# prise en charge (médicale - sociale-financière)



## Adidi

Hola, 

Tengo problemas para traducir : "dans ce pays, il existe peu de prises en charges de dépenses de santé et peu d'aide sociale".

Sería :"en est país, hay pocos organismos/instituciones que se hacen cargo de los gastos de salud y poca ayuda/auxilio social" ? 

Gracias


----------



## totor

Tu versión es excelente, Adidi.


----------



## Adidi

Bueno,  gracias Totor


----------



## Gévy

Hola Adidi:

Siento ser una cascarrabias, pero has cambiado totalmente el enfoque de la frase original, y no me parece tan fantástico como lo dice mi amigo Totor 

A ver, ¿la frase original dice que *no hay muchos organismos* dispuestos a tomar a su cargo los gastos?

No. Sólo dice que el estado no asume casi nada (no toma casi nada a su cargo) en todo lo tocante a los gastos de salud en general y que las ayudas sociales son casi inexistentes. Solo eso y me parece distinto.

Bisous,

Gévy


----------



## totor

Me da la sensación de que es una interpretación tuya, Gévy.

Lo que dice el texto es *peu de prises en charges de dépenses de santé et peu d'aide sociale*.

Tú, en cambio, dices:

*el estado no asume casi nada (no toma casi nada a su cargo) en todo lo tocante a los gastos de salud en general y que las ayudas sociales son casi inexistentes.*

Entre *poco* y *casi nada*, por un lado, y *poco* y *casi inexistente*, por el otro, me parece que hay cierta diferencia que no existe en el original.


----------



## iaf

Hola:
Hmm... está dificil esta frase. Es que hablar de organismos e instituciones (que bien pueden ser no-gubernamentales), cuando suena a que se está responsabilizando directamente al estado, puede confundir un poco. El final _"la poca ayuda social"_ también queda un poco descolgado en la frase.
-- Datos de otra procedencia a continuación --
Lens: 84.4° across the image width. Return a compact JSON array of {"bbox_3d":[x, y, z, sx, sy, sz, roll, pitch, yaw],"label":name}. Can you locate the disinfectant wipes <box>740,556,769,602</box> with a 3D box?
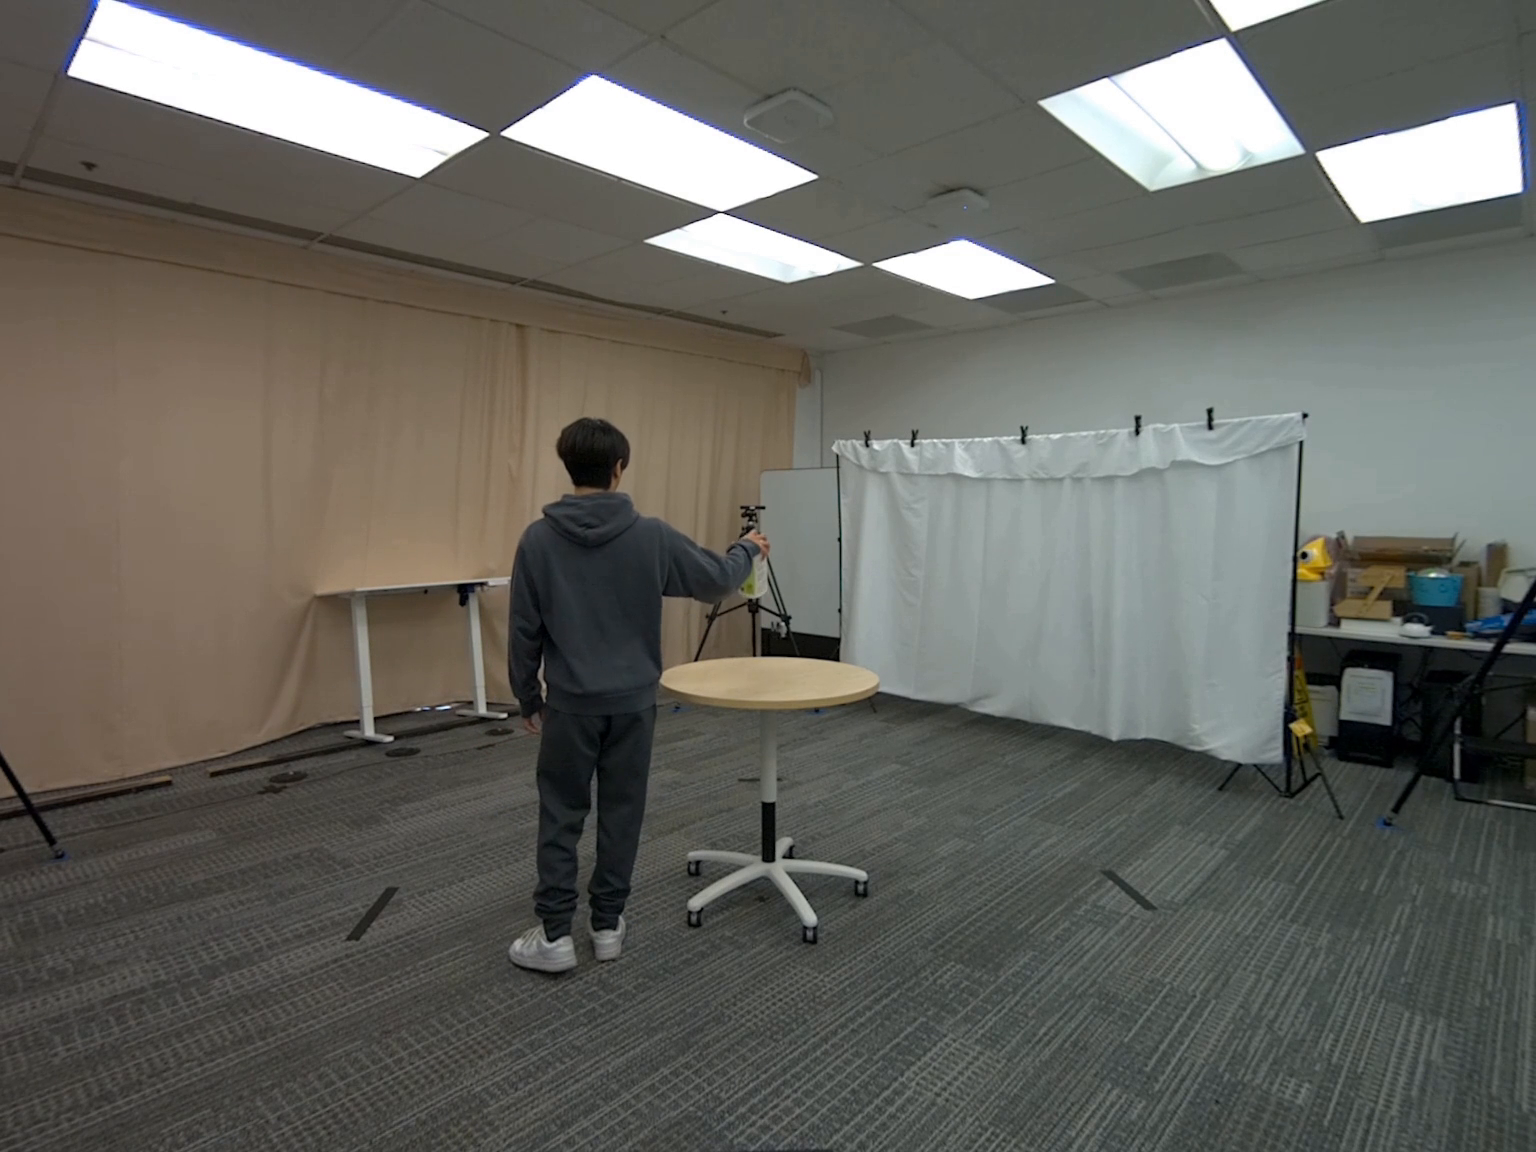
[{"bbox_3d":[-0.059,-0.033,3.052,0.118,0.213,0.120,-3,38,0],"label":"disinfectant wipes"}]
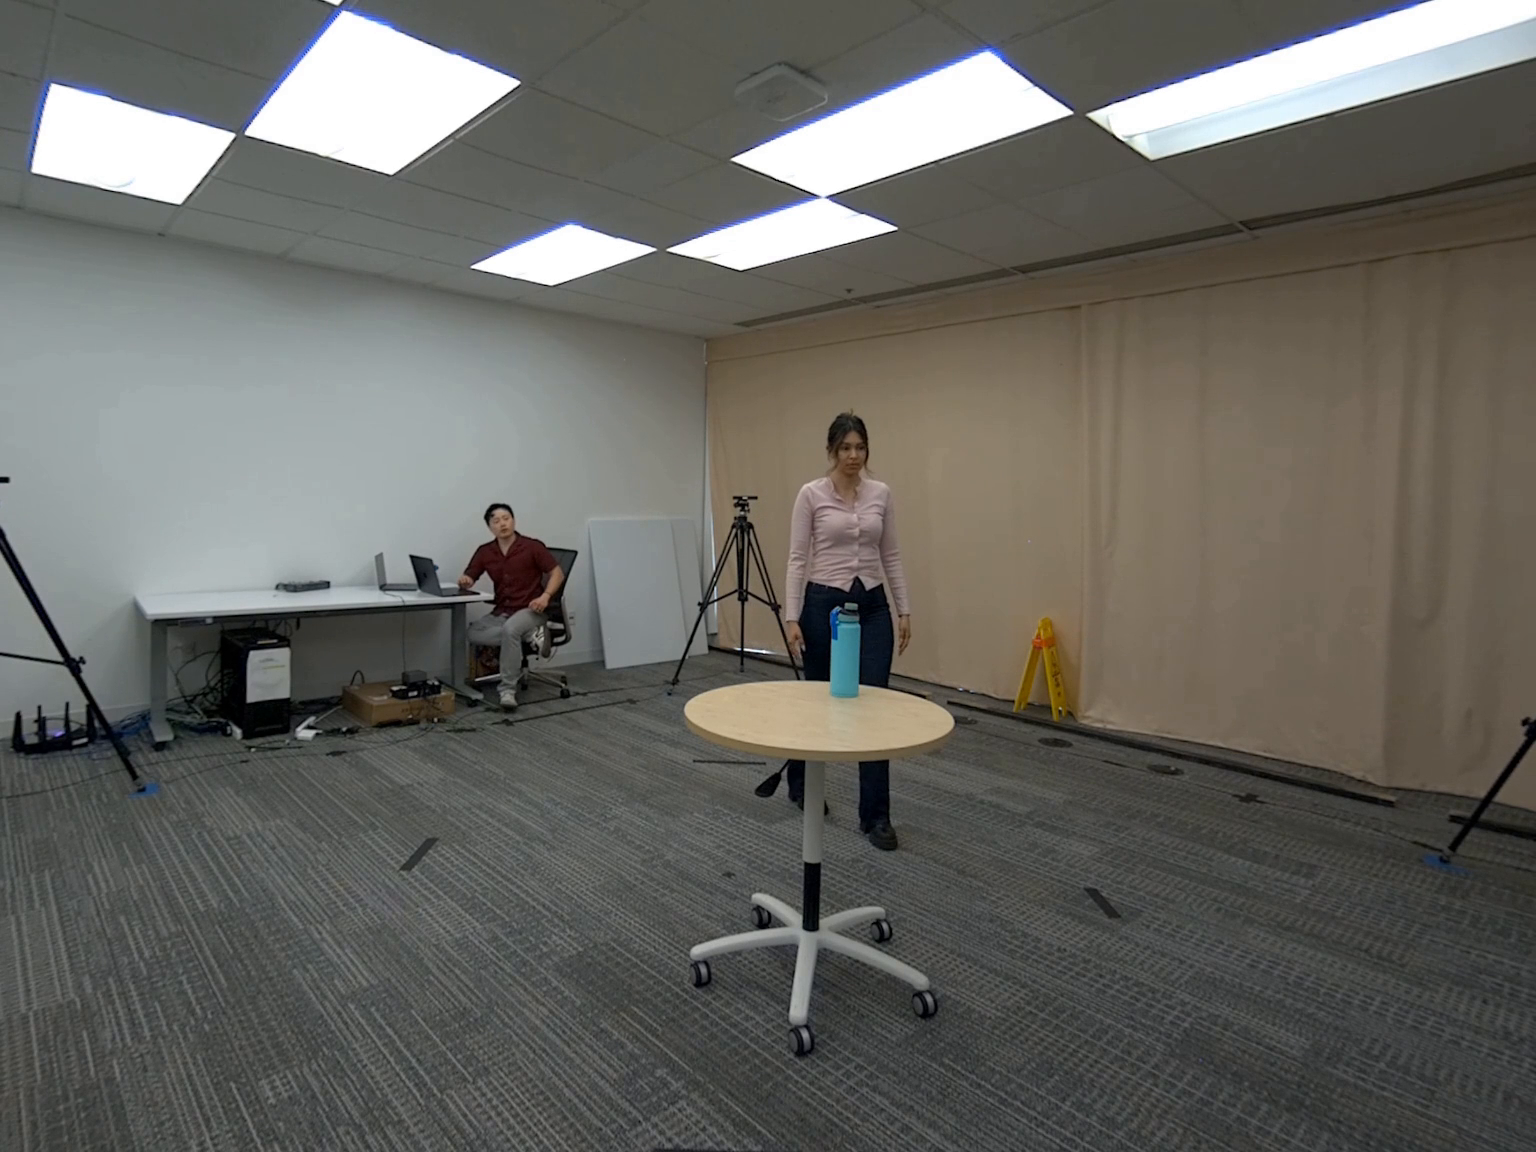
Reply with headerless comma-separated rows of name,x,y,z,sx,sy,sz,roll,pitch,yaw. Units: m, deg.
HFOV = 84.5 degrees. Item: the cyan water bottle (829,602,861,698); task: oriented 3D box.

    Un intento, más bien buscando respetar el sentido original : 
_"En este país existe poca actitud/voluntad/predisposición (?) de hacerse cargo de los gastos de salud y la ayuda social es escasa."_
    Otra, buscando un substantivo (pero nivel lingüístico en franca caída): 
_"En este país existe poca toma de responsabilidad (?) en materia de gastos de salud y es escasa la ayuda social."_
    Ultima, muriendo en el intento :
_"En este país es escasa la toma de responsabilidad en cuanto a gastos de salud, y es escasa también la ayuda social."_

Y si, falta darle unas vueltas... (y yo ya me mareé  )
Saludos, iaf.


----------



## emilie18

Bonjour,

Comment peut on traduire 'une prise en charge' ?


----------



## Tina.Irun

Habitualmente se utiliza "hacerse cargo/tomar a cargo/asumir".
Ejemplo:
"Une prise en charge est envisagée...": se plantea hacerse cargo/asumir...


----------



## pipasdegirasol

Hola,

Otra propuesta. 
En este país, los gastos asumidos en cuanto a salud y ayuda social son escasos.


----------



## carlotalafargue

O también:

_En este país se asumen pocos gastos en salud pública y pocos en ayuda social_.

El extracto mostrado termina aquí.